What Factors Don’t Solve
Factor 7 (contact humans with tool calls) enables human-in-the-loop workflows. It doesn’t replace the need for human judgment.
What stays human:
- Strategic vision - What problem to solve, what market to enter
- Novel architecture - Cross-cutting decisions that require deep system intuition
- Ambiguous requirements - When the spec is unclear, agents can’t resolve it themselves
- Final accountability - Engineers own what ships
The SDLC collapse pattern holds: delegate mechanical work, review for correctness, own the judgment calls. The factors optimize the delegation. They don’t automate the ownership.
The first 90% of the code takes 90% of the time. The remaining 10% takes the other 90%. Agents accelerate the first pass. The long tail of edge cases, integration issues, and iterative refinement remains long.
Applying the Factors
If you’re building with AI agents:
- Treat context as a scarce resource - Every MCP, every tool definition, every line of CLAUDE.md consumes attention budget. Keep it lean.
- Own the control flow - Don’t hand execution to framework loops. Know exactly when and why the LLM makes decisions.

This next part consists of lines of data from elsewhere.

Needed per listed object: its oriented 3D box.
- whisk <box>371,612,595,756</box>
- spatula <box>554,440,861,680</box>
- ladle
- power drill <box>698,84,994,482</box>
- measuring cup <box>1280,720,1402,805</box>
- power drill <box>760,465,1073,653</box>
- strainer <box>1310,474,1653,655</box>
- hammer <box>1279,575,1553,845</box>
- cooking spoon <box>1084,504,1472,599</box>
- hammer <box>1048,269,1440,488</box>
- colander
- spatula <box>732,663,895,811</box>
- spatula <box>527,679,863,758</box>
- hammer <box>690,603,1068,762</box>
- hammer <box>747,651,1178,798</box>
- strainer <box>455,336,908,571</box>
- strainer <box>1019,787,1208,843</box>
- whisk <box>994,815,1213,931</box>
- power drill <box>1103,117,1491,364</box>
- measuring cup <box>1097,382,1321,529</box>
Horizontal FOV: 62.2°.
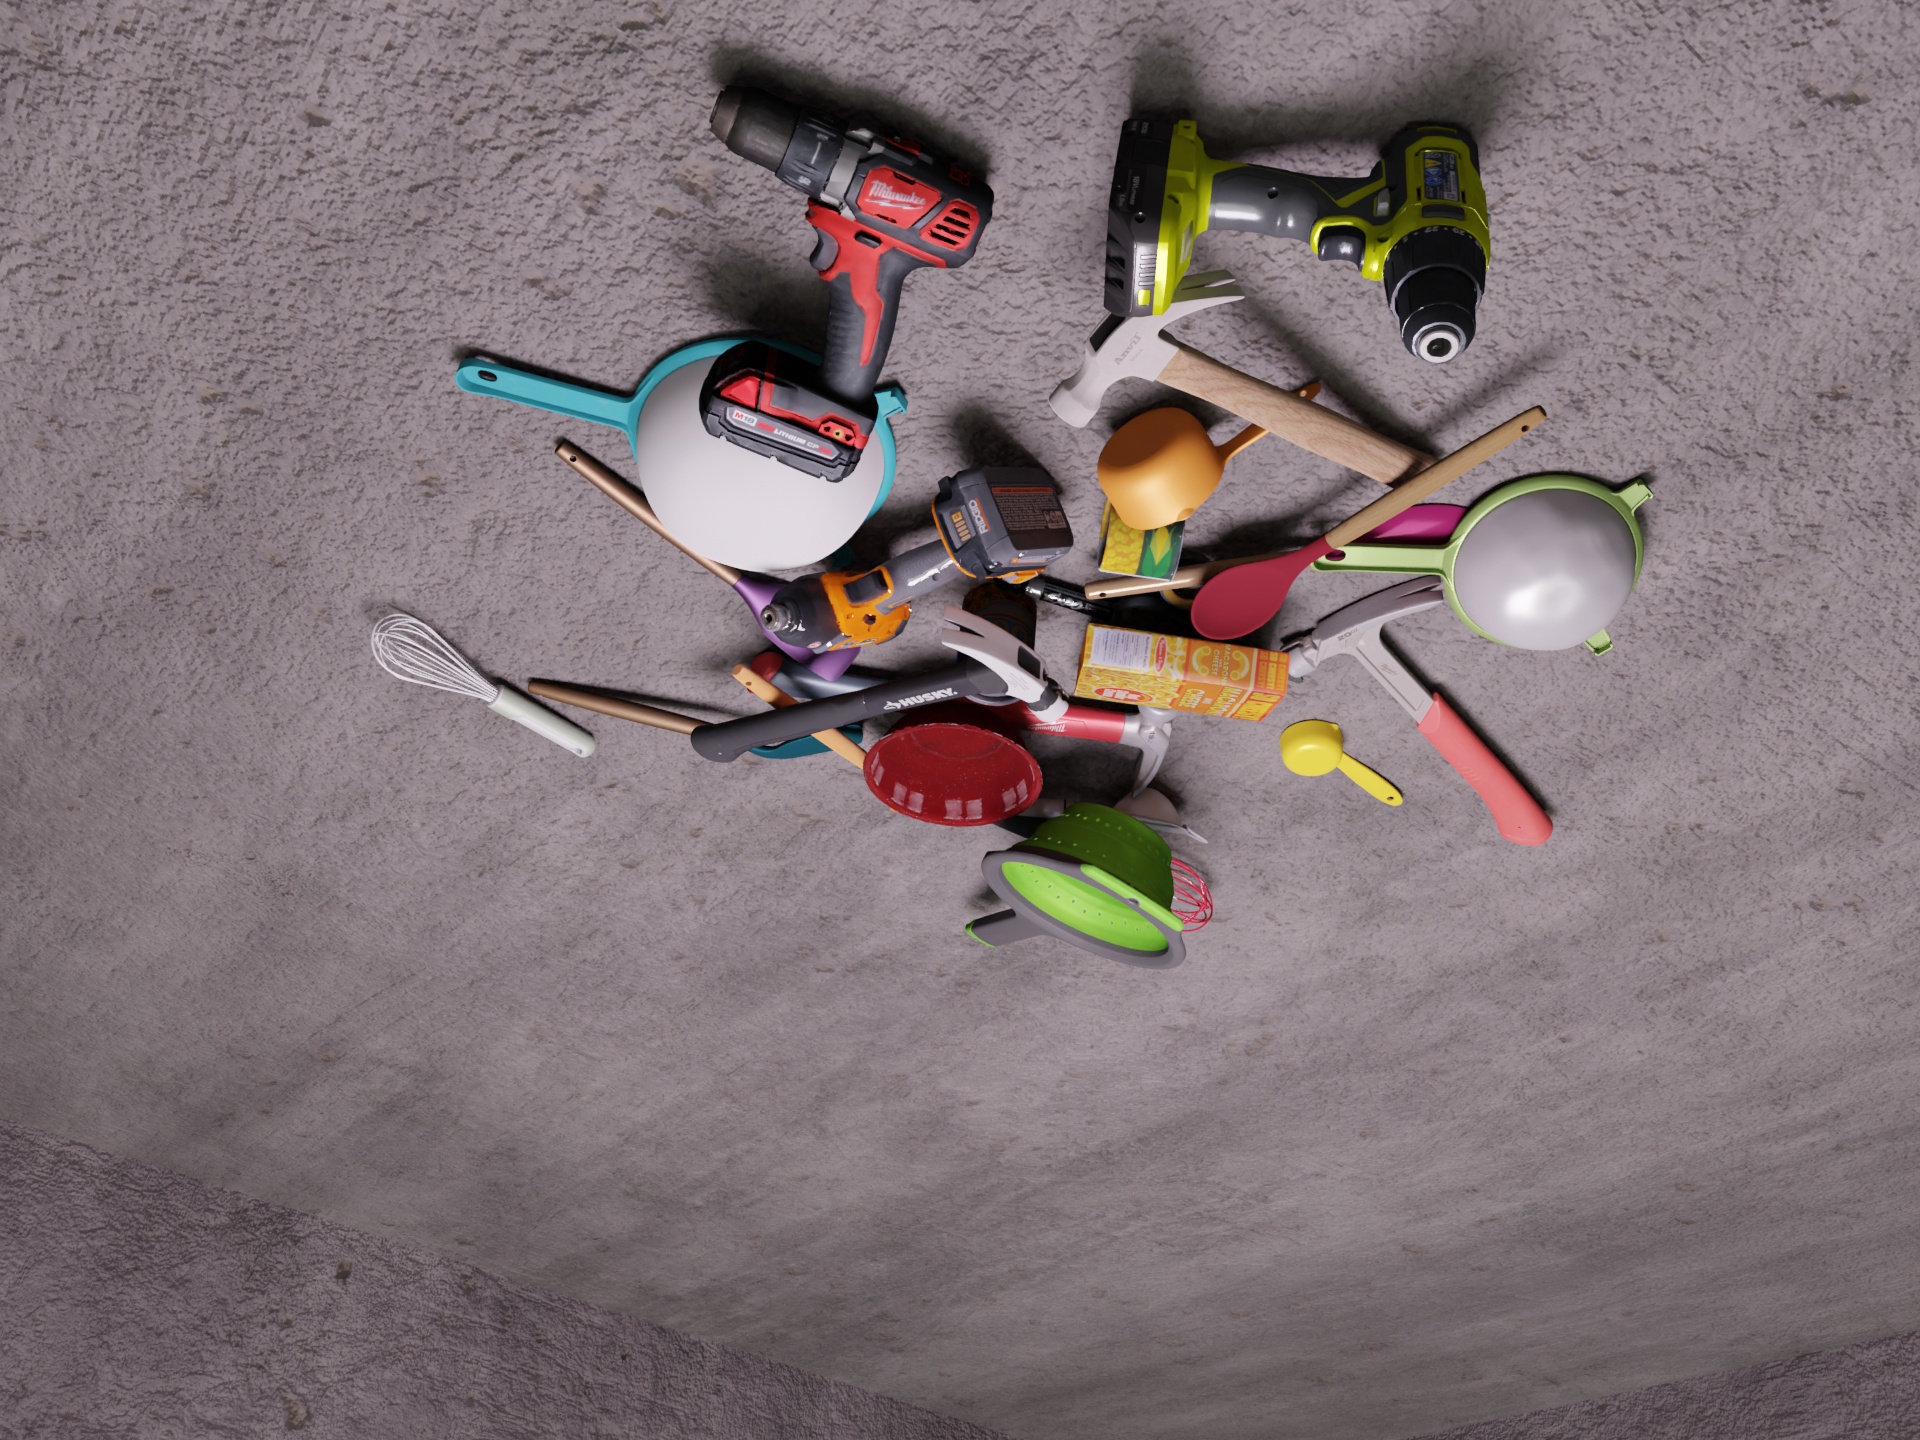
[{"bbox_3d":[-0.442,-0.026,1.489,0.058,0.059,0.246,-15,143,41],"label":"whisk"},{"bbox_3d":[-0.207,-0.136,1.336,0.315,0.018,0.060,36,96,-28],"label":"spatula"},{"bbox_3d":[0.298,-0.147,1.192,0.069,0.031,0.315,29,137,-30],"label":"ladle"},{"bbox_3d":[-0.104,-0.292,1.059,0.187,0.080,0.226,20,120,-16],"label":"power drill"},{"bbox_3d":[0.361,0.051,1.485,0.156,0.029,0.062,32,135,-26],"label":"measuring cup"},{"bbox_3d":[-0.043,-0.117,1.242,0.226,0.084,0.164,-25,174,32],"label":"power drill"},{"bbox_3d":[0.399,-0.110,1.223,0.256,0.069,0.151,3,124,3],"label":"strainer"},{"bbox_3d":[0.443,0.007,1.417,0.149,0.037,0.358,-26,131,33],"label":"hammer"},{"bbox_3d":[0.258,-0.126,1.275,0.319,0.017,0.068,-8,138,8],"label":"cooking spoon"},{"bbox_3d":[0.224,-0.217,1.107,0.331,0.031,0.130,14,131,-35],"label":"hammer"},{"bbox_3d":[0.100,0.158,1.545,0.204,0.094,0.397,33,158,-11],"label":"colander"},{"bbox_3d":[-0.100,0.022,1.463,0.081,0.041,0.322,-28,139,22],"label":"spatula"},{"bbox_3d":[-0.251,-0.004,1.498,0.317,0.044,0.082,14,167,2],"label":"spatula"},{"bbox_3d":[-0.089,-0.015,1.325,0.335,0.035,0.146,-13,146,29],"label":"hammer"},{"bbox_3d":[-0.002,-0.005,1.462,0.386,0.038,0.143,8,143,-2],"label":"hammer"},{"bbox_3d":[-0.219,-0.197,1.209,0.340,0.095,0.210,13,141,-11],"label":"strainer"},{"bbox_3d":[0.113,0.085,1.540,0.258,0.050,0.087,4,171,-1],"label":"strainer"},{"bbox_3d":[0.133,0.136,1.603,0.295,0.073,0.073,27,137,-16],"label":"whisk"},{"bbox_3d":[0.205,-0.292,0.966,0.228,0.191,0.080,6,141,7],"label":"power drill"},{"bbox_3d":[0.178,-0.212,1.164,0.173,0.095,0.052,-33,124,15],"label":"measuring cup"}]
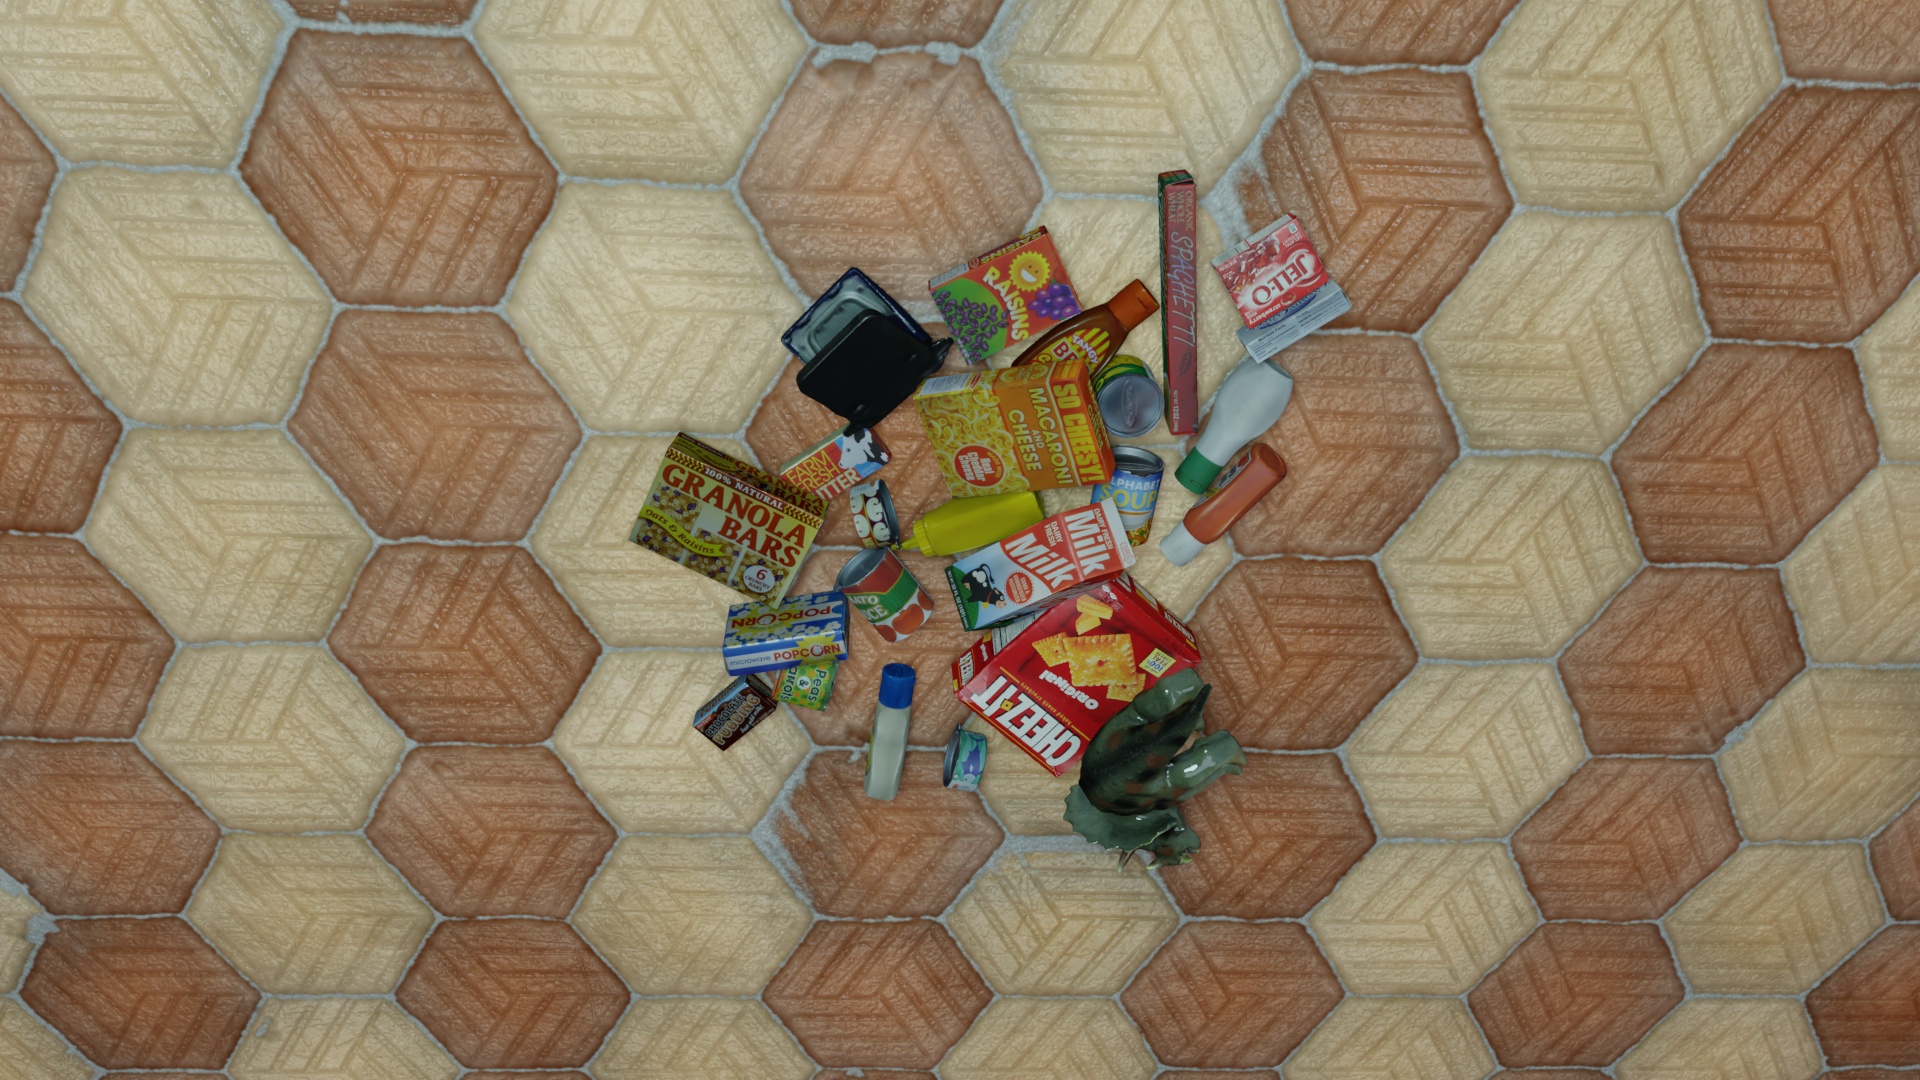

- Build small agents - One agent, one job. Compose them rather than building monoliths.
- Design pause points - Factor 6 isn’t optional. Agents need suspension points for human review, especially for irreversible operations.
- Pre-fetch aggressively - Factor 13 reduces mid-execution surprises. Gather context upfront, not when the agent stumbles.
- Stay out of the dumb zone - Keep context under 40% capacity.
/clearbetween tasks. Let auto-compact handle overflow.
The 12 factors aren’t new ideas. They’re the patterns that emerged from building agents that actually work in production. Now they have names.
The full 12 Factor Agents repo includes implementation examples and deeper explanations for each factor. Worth reading alongside Anthropic’s context engineering guidance.